After months of tinkering, she settled on flour as the most marketable, scaleable route. The resulting product has double the protein and 12 times the fiber of all-purpose wheat flour, not to mention a nutty, pleasantly malty flavor profile. Rise Products currently makes a lighter colored, milder flour using spent grains from pilsners and IPAs, as well as a darker, nuttier alternative made from the leftovers from porters and stouts.
“When we first started, we were producing two pounds or five pounds,” Jimenez says. She still remembers showing up at Greenpoint Beer and Ale with Tupperware containers for hauling spent grain. “Now, in each batch, we’re producing around 150 to 200 pounds.”
Those first few batches cost roughly $60 a pound to produce, a number that has since dropped to around $7 to $8. If the team manages to secure their own facility by the end of the year, they could feasibly increase production enough to reduce that to $0.80 a pound. At those sorts of prices, stores like Sur La Table and Whole Foods have expressed interest.
Rise Products already works with a handful of local craft breweries, including Keg & Lantern Brewing Company and Bridge and Tunnel Brewery. A number of bakeries in New York have been experimenting with the flour, including Bien Cuit, which has turned it into poundcakes, and Runner & Stone, which bakes it into cookies. Even a few high-profile chefs have ordered batches, including Massimo Bottura of triple Michelin-starred Osteria Francescana in Modena, Italy.
“Don’t ask me what he’s doing because we asked him and they said it’s secret. I know they bought 20 pounds, but I have no idea,” Jimenez says. “We were sending it to top chefs with a note saying, ‘This brown powder coming your way is basically your Parmesan.’”
In order to make a major difference in waste reduction, however, Jimenez hopes to branch beyond niche artisanal producers and high-end restaurants to larger food corporations. They’ve been in talks with brands including Pepsi, Nestle and Kellogg’s to produce items like a spent grain frozen pizza crust and a high-fiber cereal bar.
Producing high volumes of the perfectly consistent product that these sorts of companies demand is still a challenge, one that Jimenez cannot solve with small batches from microbreweries. Over the past few months, she has been working on creating flour with spent grain leftover from one of the nation’s largest macrobreweries.
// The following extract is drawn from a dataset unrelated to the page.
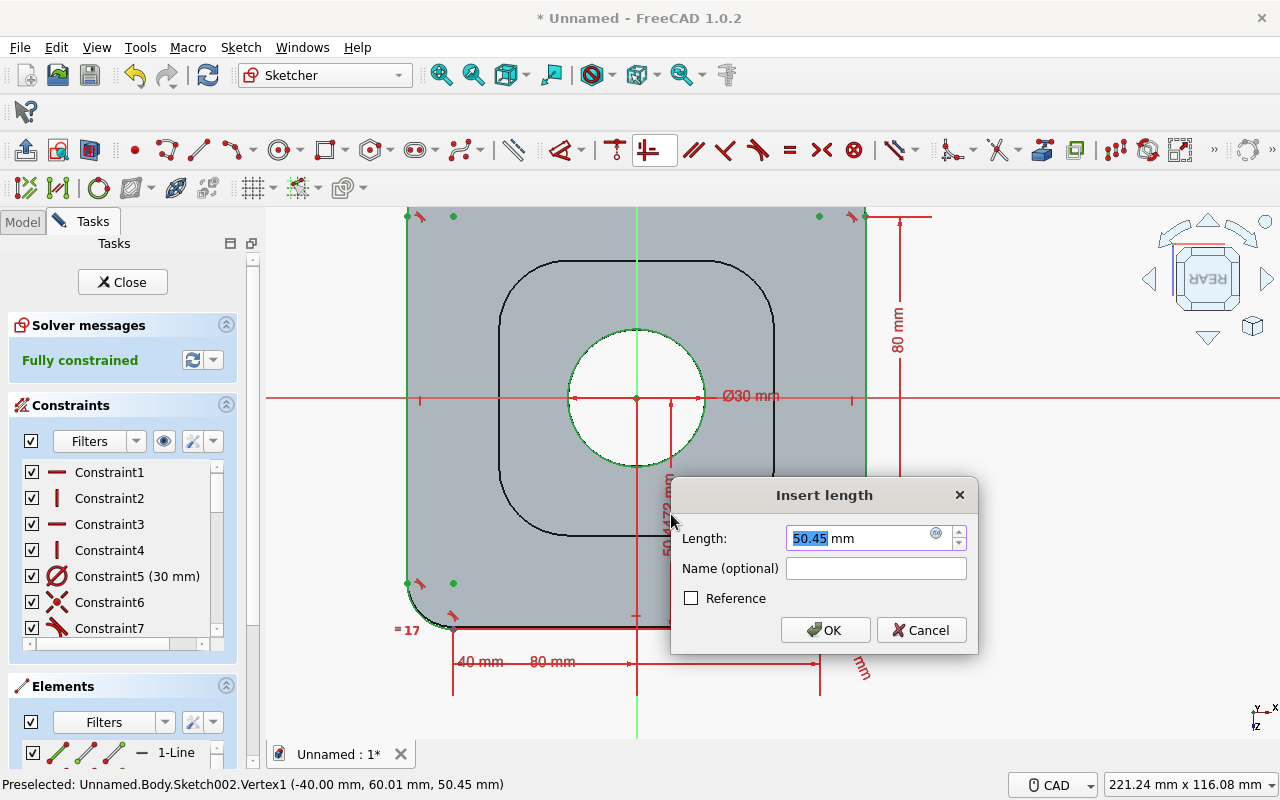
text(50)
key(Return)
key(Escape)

As one might expect, fairly bland lagers produce a much less flavorful beer than its craft counterparts. What surprised Jimenez, however, is the fact that not only was the macrobrewery beer more consistent, but it also had a significantly high nutritional content.
“Craft brewers are like artists. They express themselves through beer. They use the best ingredients and they experiment to make it as flavorful as possible. That’s why each glass costs like $5,” Jimenez says. “For macrobreweries, their game is to have a product that’s always exactly the same and to be as efficient as they can. So the goal is to get out as many sugars as possible, which is why their extraction process is way better.”
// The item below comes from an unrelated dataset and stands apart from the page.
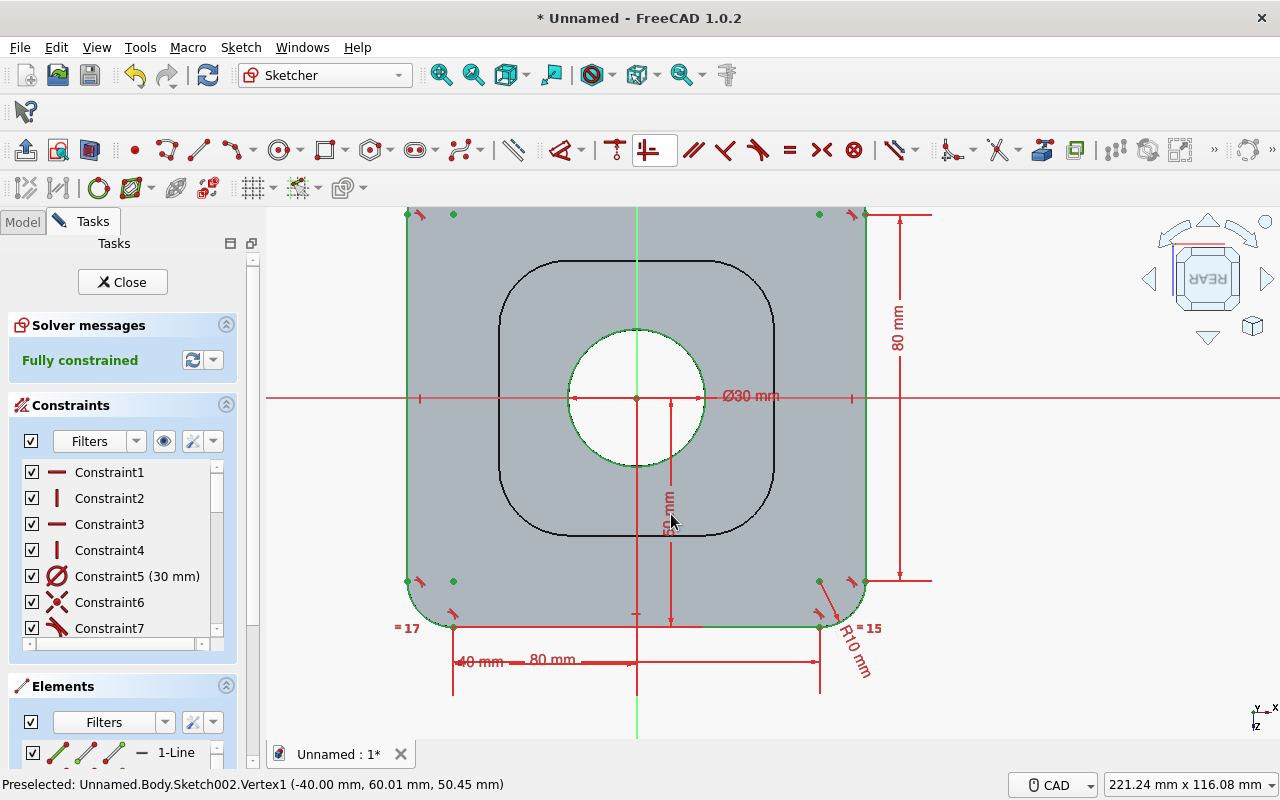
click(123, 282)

Given the quantity of waste that a brewing giant produces annually, a deal of this scale could be a gamechanger in terms of sustainability.
“If we could take one-fifth of [this macrobrewery] is producing and turn it into something else, that’s a lot,” she says with a wistful smile. For now, she’s still operating small and dreaming big. “All the breweries we’ve worked with are really rooting for us. They don’t want this to just go in the garbage.”